Try again, I hope you are not a lawyer because you utterly fail. Please provide a specific reference to where it is limited to competitors. The laws are based around preventing competition, there is no loop hole that requires you to first be a competitor.
Interestingly trusts can literally involve others who may not be direct competitors but the collective can materially gain by limiting others ability to compete with those aligned with you, that was actually some of the impetus behind anti trust laws. The intentional deceptions used by groups to limit a company’s ability to compete. For example just denying a basic raw material that would prevent a company ability to compete. A competitor could ask a supplier to not sell to another competitor, maybe by offering a a higher payment for that raw material, a price they can pay due to their specific market share thus preventing a company from even starting up, both the company and supplier then would run afoul of anti trust laws. Very similar to the idea of influencing advertisers now in the twitter case.

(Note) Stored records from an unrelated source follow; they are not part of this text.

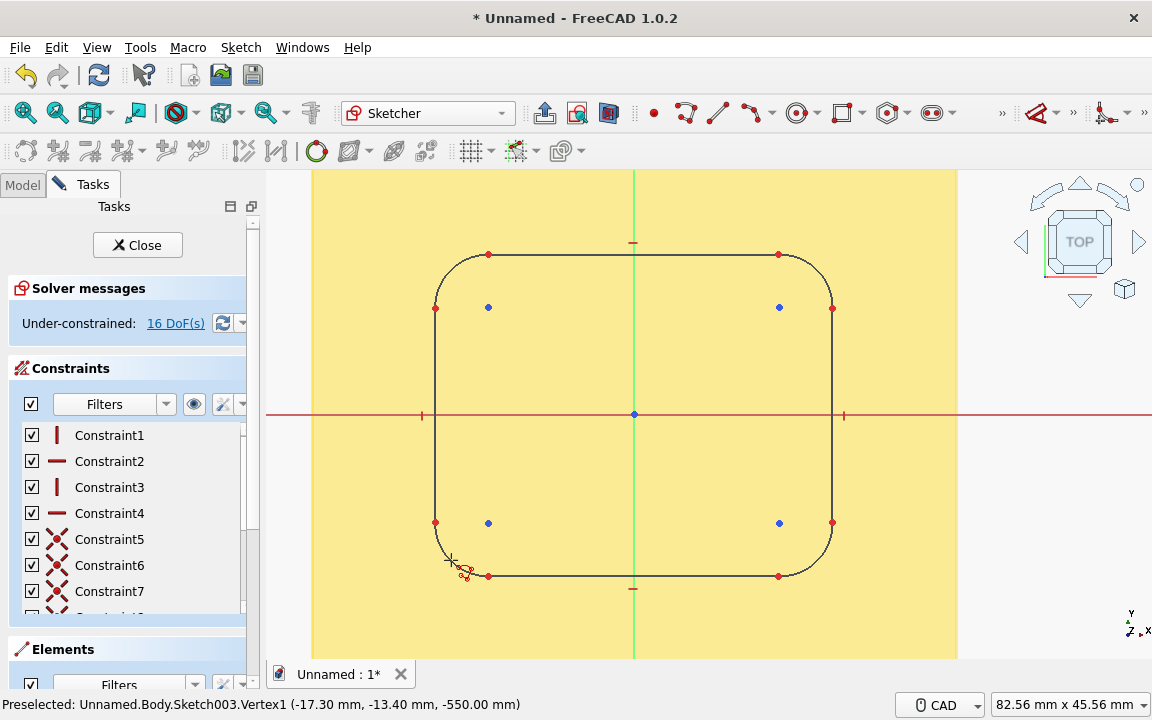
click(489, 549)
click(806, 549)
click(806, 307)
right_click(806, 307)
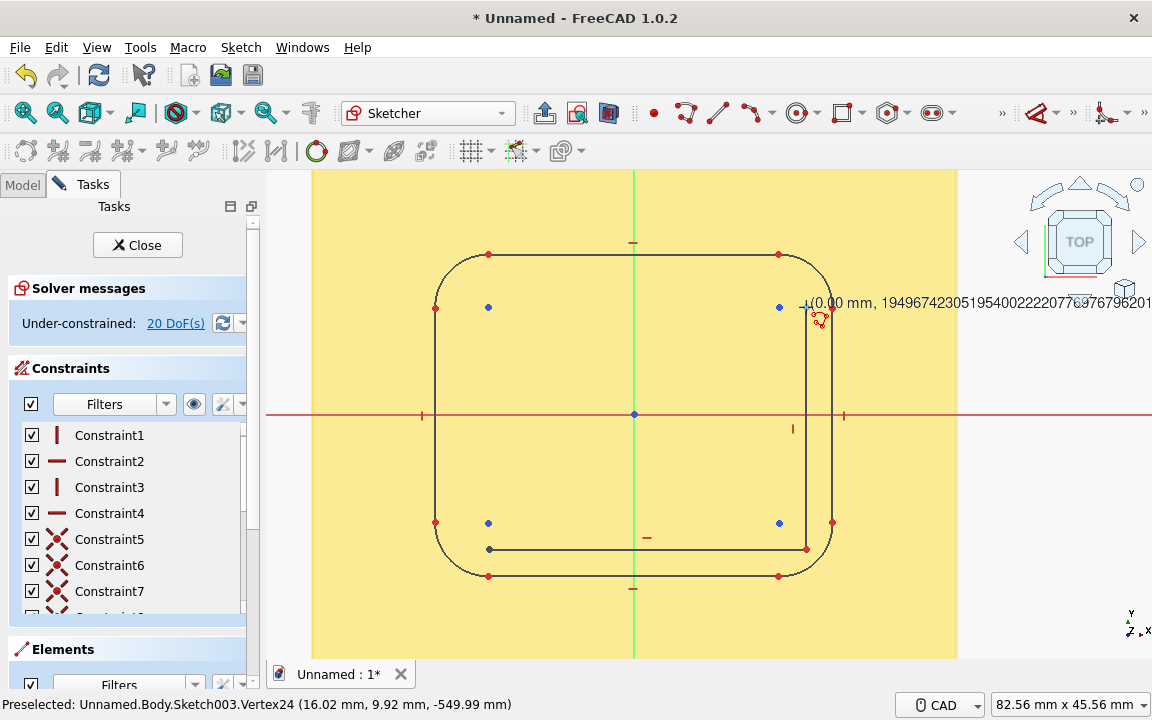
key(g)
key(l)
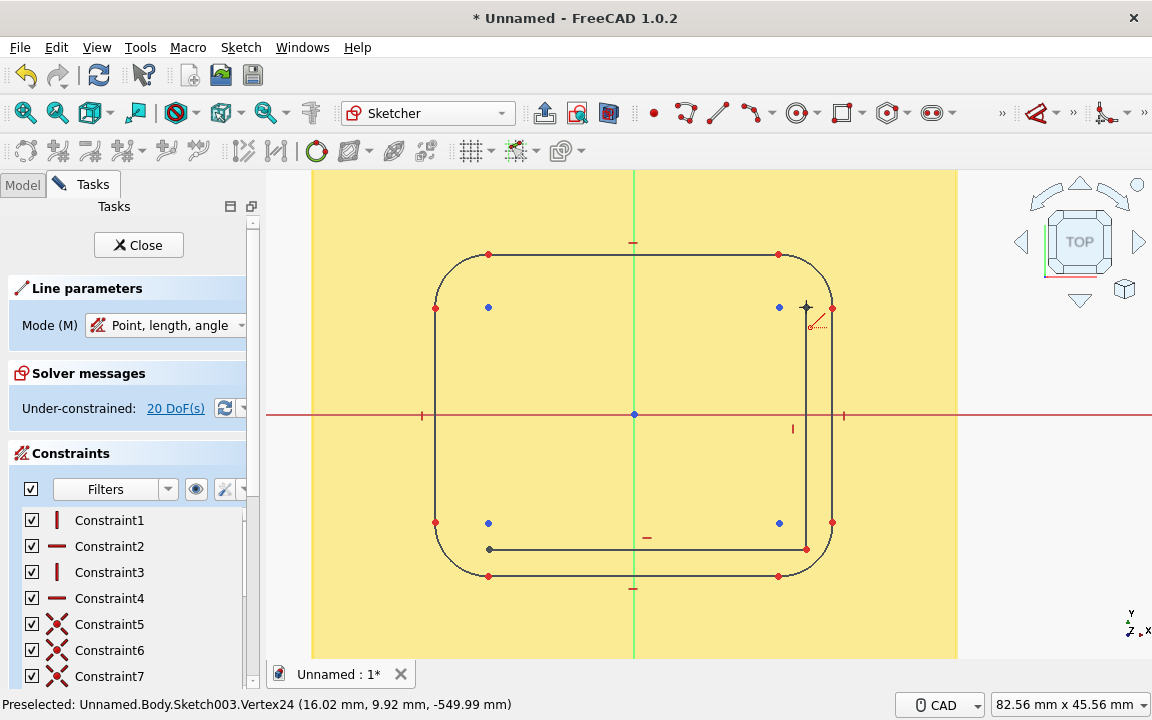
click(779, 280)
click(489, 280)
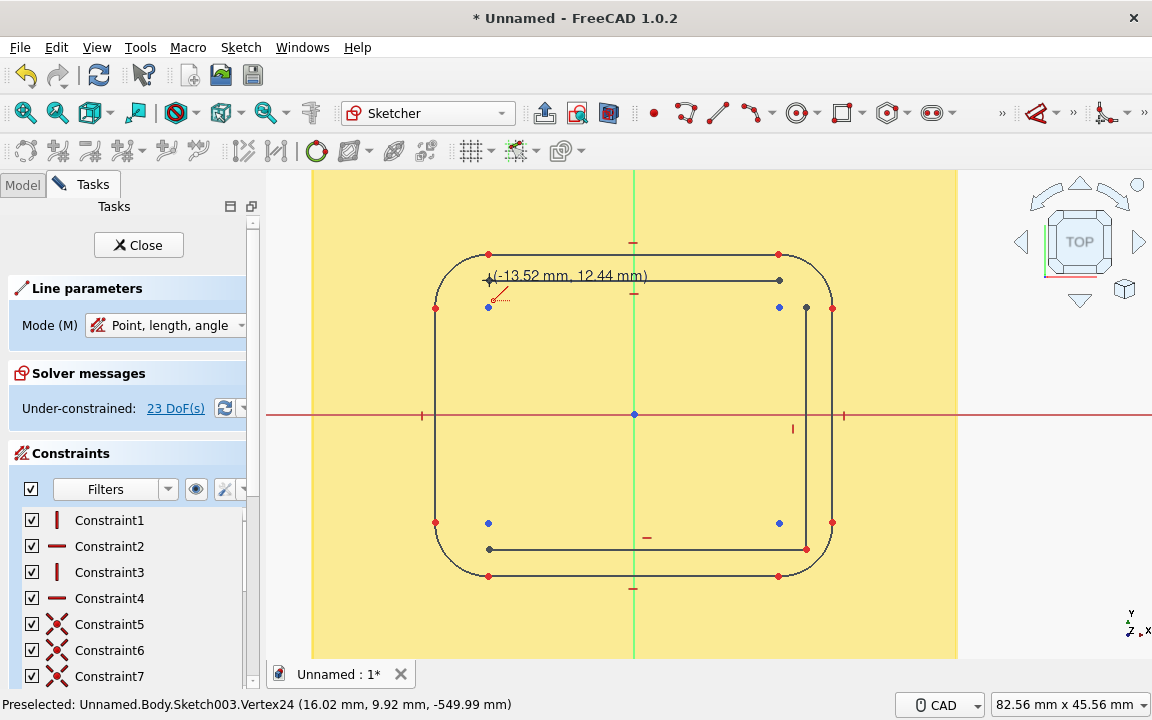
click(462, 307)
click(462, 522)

A little insight, I did not just recently educate myself on this. You might want to come better prepared before tossing around thinly veiled ad hominems, especially when you are so misinformed.
I provided references to specific acts directly tied to the laws, you respond with assertions, basically your whole reply is an informal logical fallacy.
This is reductio ad absurdum.
“Very similar to the idea of influencing advertisers now in the twitter case.” No, it absolutely is not, unless you say that the advertisers’ money is a “raw material.” The advertising organizations aren’t bauxite producers choking off supplies to an aluminum producer.
“Interestingly trusts can literally involve others who may not be direct competitors but the collective can materially gain by limiting others ability to compete with those aligned with you, that was actually some of the impetus behind anti trust laws.” The advertisers are neither direct nor indirect competitors.
“For example just denying a basic raw material that would prevent a company ability to compete. A competitor could ask a supplier to not sell to another competitor, maybe by offering a a higher payment for that raw material, a price they can pay due to their specific market share thus preventing a company from even starting up, both the company and supplier then would run afoul of anti trust laws.” Again, there is no raw material denied.
The defendants in this case would neither suffer nor prosper based on the demise of X. You say that for the application of the law “the collective can materially gain,” yet neither you nor X can express what that gain would be.
Laws protecting competition apply to competitors: there are none here.